» Required action
Some of the lines below need repeating. Reproduce exactly those between the lines holding "You are an accurate" and "Format: minified JSON, an", inclusive.
Supplied records START
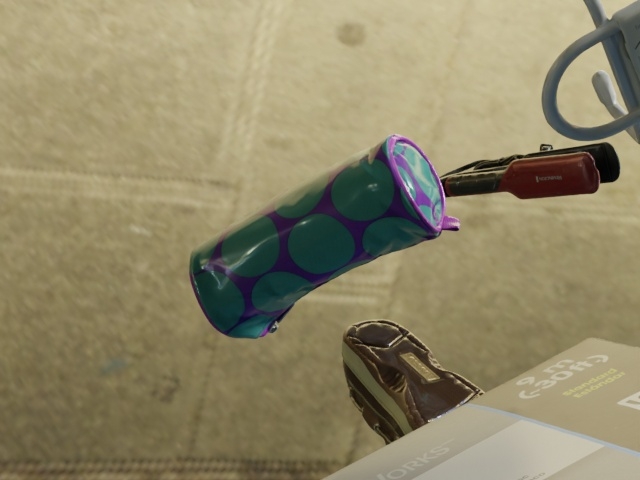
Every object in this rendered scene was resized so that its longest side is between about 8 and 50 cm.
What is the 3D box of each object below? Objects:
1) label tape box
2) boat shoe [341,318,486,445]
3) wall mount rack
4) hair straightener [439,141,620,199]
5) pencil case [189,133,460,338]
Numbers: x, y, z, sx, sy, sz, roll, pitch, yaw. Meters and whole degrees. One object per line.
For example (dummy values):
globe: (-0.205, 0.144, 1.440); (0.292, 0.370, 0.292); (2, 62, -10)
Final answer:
label tape box: (0.084, 0.151, 0.832); (0.249, 0.348, 0.115); (-25, 106, -20)
boat shoe: (0.100, 0.172, 1.533); (0.095, 0.257, 0.095); (-7, 120, -22)
wall mount rack: (0.314, -0.256, 1.466); (0.350, 0.130, 0.304); (-29, 128, 0)
hair straightener: (0.195, -0.061, 1.624); (0.089, 0.230, 0.047); (-25, 99, -45)
pencil case: (0.000, 0.000, 0.977); (0.152, 0.064, 0.070); (-29, 105, 21)
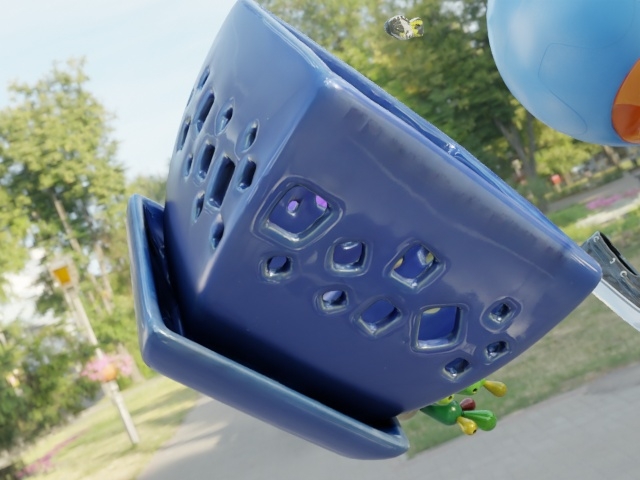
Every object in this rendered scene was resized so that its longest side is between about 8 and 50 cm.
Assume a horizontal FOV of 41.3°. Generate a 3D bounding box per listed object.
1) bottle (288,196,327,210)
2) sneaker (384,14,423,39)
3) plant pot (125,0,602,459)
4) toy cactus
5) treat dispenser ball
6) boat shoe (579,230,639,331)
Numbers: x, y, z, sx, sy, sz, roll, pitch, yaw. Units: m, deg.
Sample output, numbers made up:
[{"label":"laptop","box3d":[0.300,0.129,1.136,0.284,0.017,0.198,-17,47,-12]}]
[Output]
[{"label":"bottle","box3d":[0.008,-0.006,0.885,0.118,0.092,0.282,11,-57,-46]},{"label":"sneaker","box3d":[0.104,-0.274,1.112,0.035,0.031,0.083,-9,3,37]},{"label":"plant pot","box3d":[0.000,0.000,0.584,0.212,0.236,0.236,-52,28,12]},{"label":"toy cactus","box3d":[0.137,0.200,1.150,0.219,0.112,0.181,28,-40,-33]},{"label":"treat dispenser ball","box3d":[0.317,-0.241,0.870,0.288,0.288,0.288,-23,-2,-1]},{"label":"boat shoe","box3d":[0.392,0.064,1.016,0.080,0.228,0.076,22,-73,-36]}]
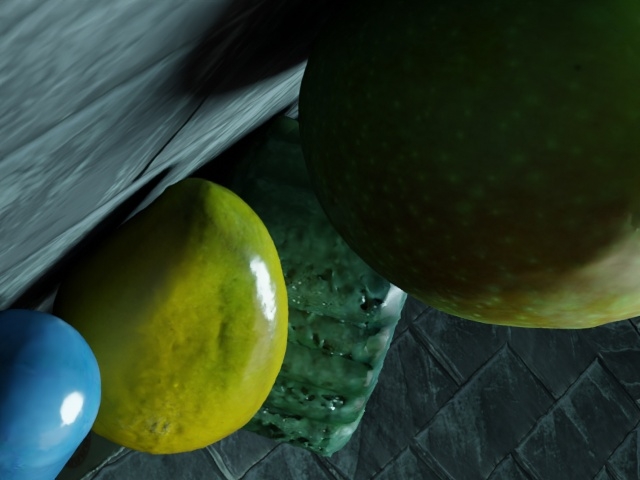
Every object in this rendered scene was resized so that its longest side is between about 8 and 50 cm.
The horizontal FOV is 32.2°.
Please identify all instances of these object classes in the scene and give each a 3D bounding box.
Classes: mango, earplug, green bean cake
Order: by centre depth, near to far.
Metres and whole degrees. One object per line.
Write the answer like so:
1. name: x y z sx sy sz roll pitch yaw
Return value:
1. mango: 0.094 -0.073 0.590 0.225 0.201 0.382 -18 -161 -7
2. earplug: -0.230 0.128 0.781 0.132 0.132 0.273 -40 178 -35
3. mango: -0.112 0.066 0.829 0.317 0.177 0.119 -60 -178 47
4. green bean cake: 0.000 0.000 1.024 0.300 0.169 0.307 103 4 -48

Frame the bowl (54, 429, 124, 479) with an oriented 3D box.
1. bowl: -0.211 0.121 1.237 0.337 0.157 0.337 -39 -178 1
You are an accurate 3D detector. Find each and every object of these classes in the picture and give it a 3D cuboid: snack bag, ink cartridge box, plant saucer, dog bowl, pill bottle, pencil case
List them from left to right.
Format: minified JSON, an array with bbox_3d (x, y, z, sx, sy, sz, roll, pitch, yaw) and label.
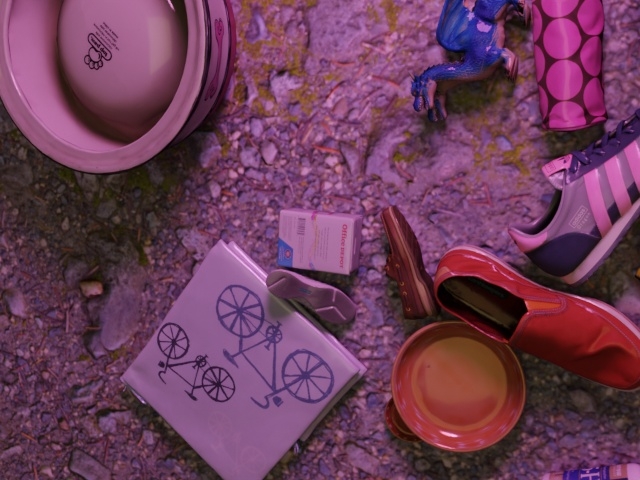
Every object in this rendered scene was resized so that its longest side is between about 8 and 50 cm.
[{"bbox_3d":[-0.310,-0.310,1.287,0.408,0.150,0.408,4,101,23],"label":"dog bowl"},{"bbox_3d":[-0.139,0.224,1.387,0.323,0.037,0.342,41,109,11],"label":"snack bag"},{"bbox_3d":[0.000,0.000,1.292,0.122,0.052,0.088,8,101,21],"label":"ink cartridge box"},{"bbox_3d":[0.142,0.274,1.299,0.083,0.013,0.083,3,98,20],"label":"plant saucer"},{"bbox_3d":[0.206,0.215,1.245,0.200,0.037,0.200,1,94,17],"label":"plant saucer"},{"bbox_3d":[0.338,-0.251,1.110,0.095,0.098,0.209,9,106,55],"label":"pencil case"},{"bbox_3d":[0.412,0.370,1.158,0.187,0.112,0.112,-14,93,21],"label":"pill bottle"}]

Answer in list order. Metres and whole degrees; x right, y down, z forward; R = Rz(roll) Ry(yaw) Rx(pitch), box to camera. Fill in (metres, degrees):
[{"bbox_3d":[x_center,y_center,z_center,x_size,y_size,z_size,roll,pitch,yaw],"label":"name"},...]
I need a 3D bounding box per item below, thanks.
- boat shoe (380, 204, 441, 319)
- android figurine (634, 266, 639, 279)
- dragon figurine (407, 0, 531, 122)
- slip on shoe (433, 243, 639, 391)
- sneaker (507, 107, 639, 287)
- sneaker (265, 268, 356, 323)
[{"bbox_3d":[0.122,0.037,1.245,0.060,0.064,0.178,-20,93,20],"label":"boat shoe"},{"bbox_3d":[0.500,-0.046,1.014,0.056,0.248,0.273,27,99,-24],"label":"android figurine"},{"bbox_3d":[0.210,-0.300,1.150,0.144,0.085,0.289,14,104,18],"label":"dragon figurine"},{"bbox_3d":[0.302,0.117,1.155,0.331,0.101,0.123,29,125,17],"label":"slip on shoe"},{"bbox_3d":[0.372,-0.094,1.097,0.131,0.112,0.319,30,106,1],"label":"sneaker"},{"bbox_3d":[-0.012,0.081,1.312,0.152,0.061,0.053,27,99,-5],"label":"sneaker"}]
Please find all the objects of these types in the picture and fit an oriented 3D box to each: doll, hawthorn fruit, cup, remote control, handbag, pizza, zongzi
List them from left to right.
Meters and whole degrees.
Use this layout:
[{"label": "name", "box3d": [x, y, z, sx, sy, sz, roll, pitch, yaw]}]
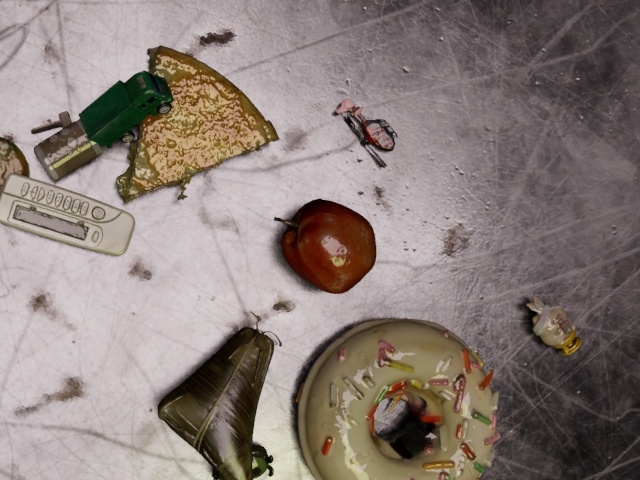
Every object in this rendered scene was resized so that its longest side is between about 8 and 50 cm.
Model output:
[{"label": "cup", "box3d": [-0.443, -0.167, 1.901, 0.099, 0.074, 0.102, -33, 94, -12]}, {"label": "remote control", "box3d": [-0.436, -0.041, 1.901, 0.230, 0.049, 0.090, 19, 87, -16]}, {"label": "pizza", "box3d": [-0.261, -0.185, 1.947, 0.280, 0.075, 0.287, 44, 81, -3]}, {"label": "handbag", "box3d": [-0.140, 0.401, 1.951, 0.111, 0.047, 0.072, -13, 123, -14]}, {"label": "zongzi", "box3d": [-0.119, 0.292, 1.916, 0.248, 0.111, 0.241, -44, 82, -12]}, {"label": "hawthorn fruit", "box3d": [0.000, 0.000, 1.945, 0.194, 0.157, 0.157, 30, 81, -21]}, {"label": "doll", "box3d": [0.440, 0.158, 2.076, 0.073, 0.084, 0.127, -46, 106, -13]}]

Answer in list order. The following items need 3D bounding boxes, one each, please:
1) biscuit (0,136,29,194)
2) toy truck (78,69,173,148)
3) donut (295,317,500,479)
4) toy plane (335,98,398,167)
[{"label": "biscuit", "box3d": [-0.598, -0.068, 1.886, 0.118, 0.029, 0.247, 38, 80, -6]}, {"label": "toy truck", "box3d": [-0.324, -0.223, 1.868, 0.147, 0.079, 0.065, -35, 63, 17]}, {"label": "donut", "box3d": [0.147, 0.324, 1.975, 0.383, 0.142, 0.382, 0, 88, -12]}, {"label": "toy plane", "box3d": [0.092, -0.206, 2.042, 0.060, 0.037, 0.145, -43, 101, -1]}]
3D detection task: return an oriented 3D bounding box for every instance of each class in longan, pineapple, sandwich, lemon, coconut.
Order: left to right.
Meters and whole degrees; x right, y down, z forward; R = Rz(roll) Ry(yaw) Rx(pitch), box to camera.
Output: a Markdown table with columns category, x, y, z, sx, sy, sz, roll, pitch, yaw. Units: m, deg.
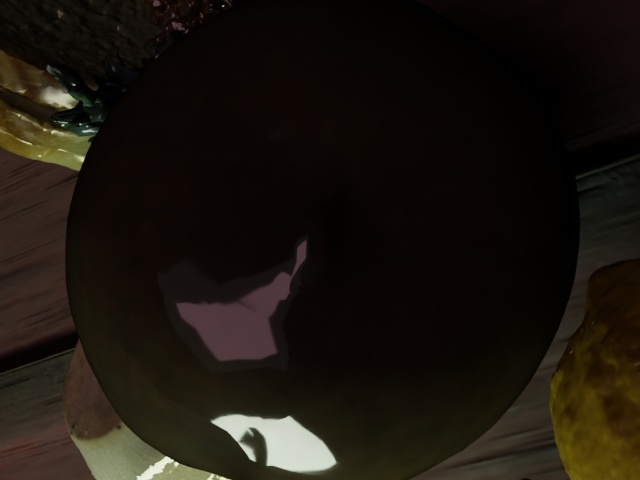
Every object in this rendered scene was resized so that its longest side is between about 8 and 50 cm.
| category | x | y | z | sx | sy | sz | roll | pitch | yaw |
| --- | --- | --- | --- | --- | --- | --- | --- | --- | --- |
| sandwich | -0.206 | -0.203 | 1.228 | 0.254 | 0.288 | 0.099 | 25 | 141 | -15 |
| pineapple | -0.088 | -0.145 | 1.111 | 0.083 | 0.103 | 0.221 | 21 | 74 | 32 |
| coconut | -0.077 | 0.102 | 1.165 | 0.161 | 0.162 | 0.161 | -25 | 55 | 41 |
| longan | -0.001 | 0.003 | 0.983 | 0.297 | 0.297 | 0.297 | 9 | 104 | 37 |
| lemon | 0.223 | 0.092 | 0.894 | 0.231 | 0.192 | 0.192 | 42 | 121 | 27 |

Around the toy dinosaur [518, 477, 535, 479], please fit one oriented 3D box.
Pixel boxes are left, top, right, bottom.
| category | x | y | z | sx | sy | sz | roll | pitch | yaw |
| --- | --- | --- | --- | --- | --- | --- | --- | --- | --- |
| toy dinosaur | 0.088 | 0.217 | 0.983 | 0.207 | 0.113 | 0.327 | -30 | 124 | 28 |
Supplied records END
» Result of the exercise
You are an accurate 3D detector. Find each and every object of these classes in the picture and give it a 3D cuboid: snack bag, ink cartridge box, plant saucer, dog bowl, pill bottle, pencil case
List them from left to right.
Format: minified JSON, an array with bbox_3d (x, y, z, sx, sy, sz, roll, pitch, yaw) and label.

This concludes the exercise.